# REQUIREMENT:
Please retype the records below exactly, omitting any images.

# RECORDS FOR THE EXERCISE:

▼

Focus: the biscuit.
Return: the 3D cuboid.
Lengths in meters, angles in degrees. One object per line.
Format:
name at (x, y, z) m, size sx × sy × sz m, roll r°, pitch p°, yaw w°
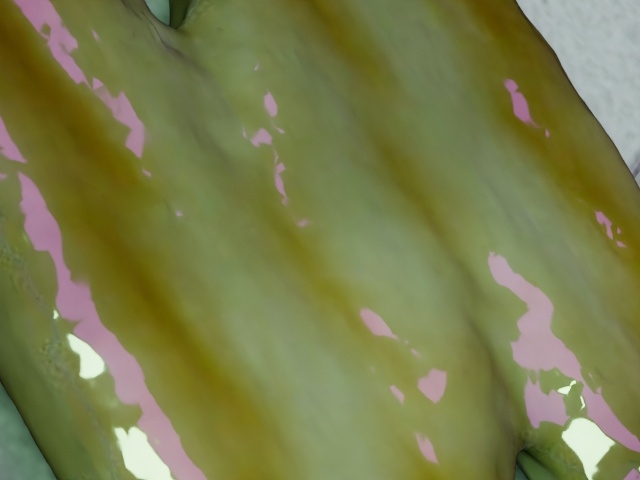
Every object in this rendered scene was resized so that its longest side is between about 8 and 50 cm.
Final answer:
biscuit at (0.000, 0.000, 0.576) m, size 0.237 × 0.062 × 0.290 m, roll -26°, pitch 80°, yaw -38°

▲

# PROBLEM SOLUTION:
Focus: the biscuit.
Return: the 3D cuboid.
Lengths in meters, angles in degrees. One object per line.
Format:
name at (x, y, z) m, size sx × sy × sz m, roll r°, pitch p°, yaw w°
Every object in this rendered scene was resized so that its longest side is between about 8 and 50 cm.
Final answer:
biscuit at (0.000, 0.000, 0.576) m, size 0.237 × 0.062 × 0.290 m, roll -26°, pitch 80°, yaw -38°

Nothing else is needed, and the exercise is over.